**Records provided**

┄┄┄┄┄┄┄┄┄┄

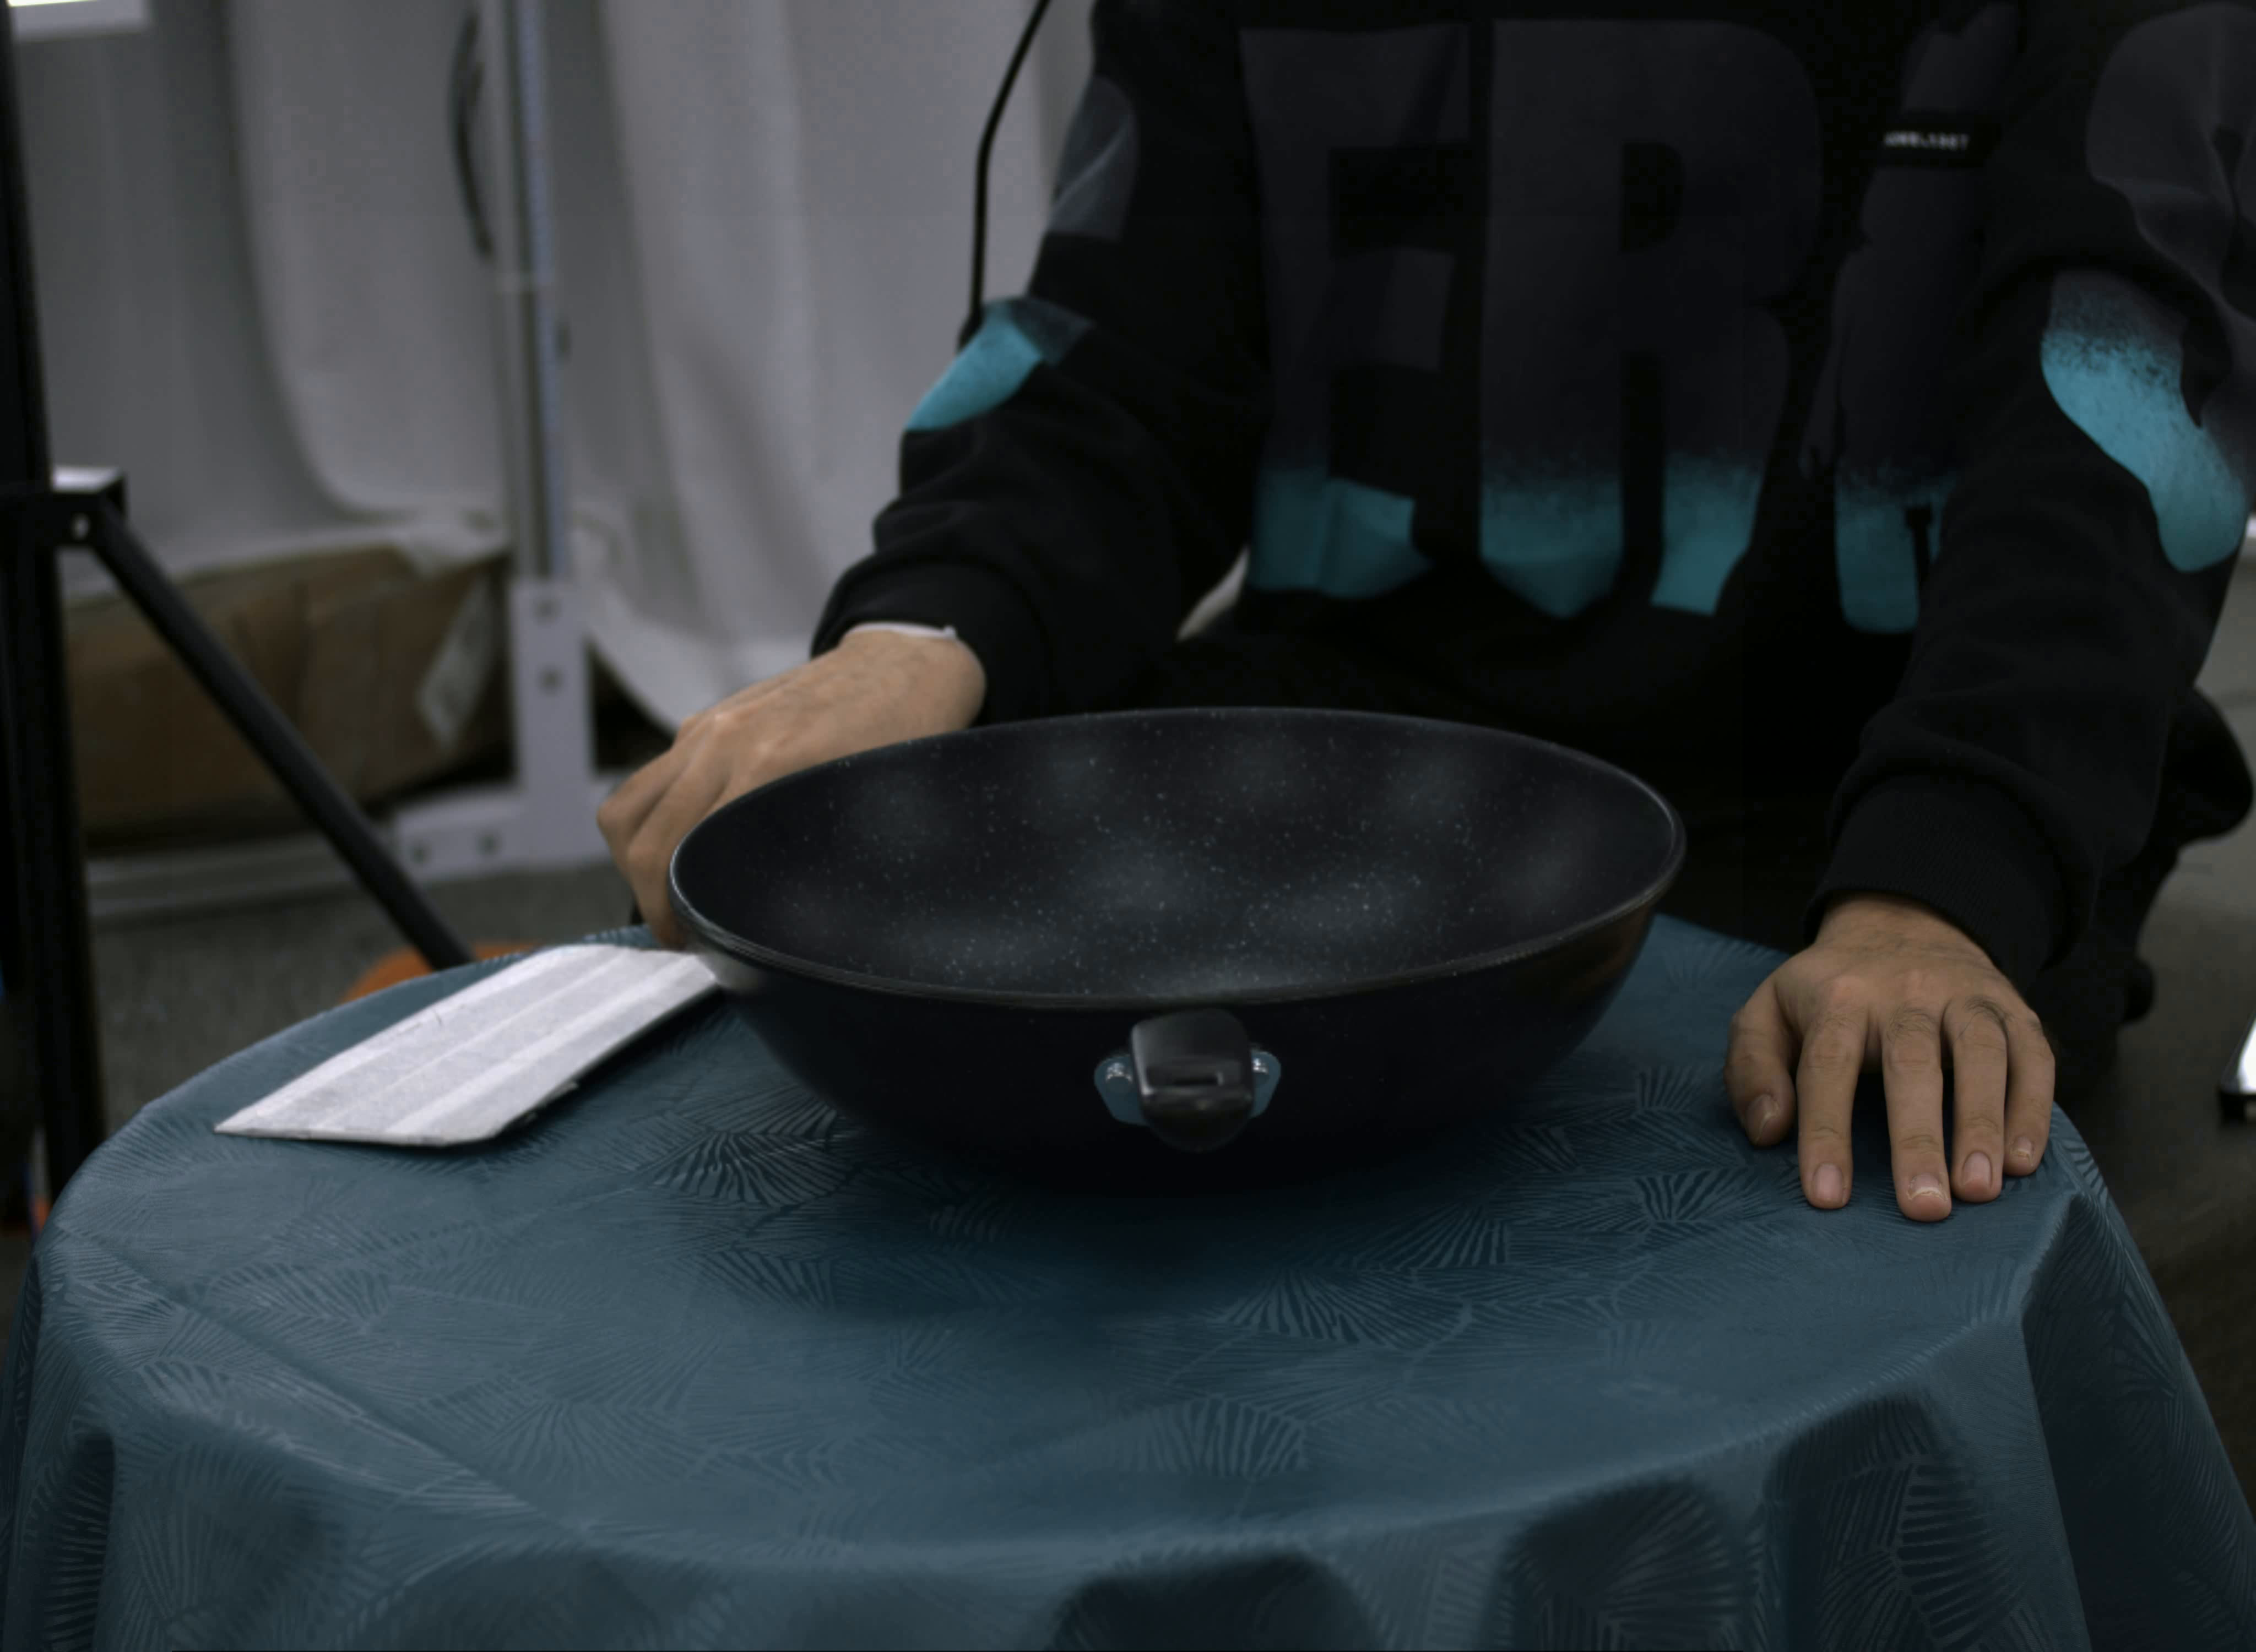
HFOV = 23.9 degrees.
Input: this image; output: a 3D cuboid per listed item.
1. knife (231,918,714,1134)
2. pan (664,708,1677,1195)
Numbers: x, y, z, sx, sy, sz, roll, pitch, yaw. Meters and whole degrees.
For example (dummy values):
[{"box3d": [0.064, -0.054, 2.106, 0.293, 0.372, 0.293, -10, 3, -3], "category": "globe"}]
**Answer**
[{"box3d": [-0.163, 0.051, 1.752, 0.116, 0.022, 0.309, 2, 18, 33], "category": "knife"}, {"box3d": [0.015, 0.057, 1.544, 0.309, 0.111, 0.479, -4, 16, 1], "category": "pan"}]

┄┄┄┄┄┄┄┄┄┄

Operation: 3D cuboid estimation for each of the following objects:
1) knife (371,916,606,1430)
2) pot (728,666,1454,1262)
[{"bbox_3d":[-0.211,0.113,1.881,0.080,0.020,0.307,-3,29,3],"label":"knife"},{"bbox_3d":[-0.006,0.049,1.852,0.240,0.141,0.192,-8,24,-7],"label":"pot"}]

┄┄┄┄┄┄┄┄┄┄

**What needs to be done**
Pick every line of the data that includes the string "degrees".

**Task output**
HFOV = 23.9 degrees.
Numbers: x, y, z, sx, sy, sz, roll, pitch, yaw. Meters and whole degrees.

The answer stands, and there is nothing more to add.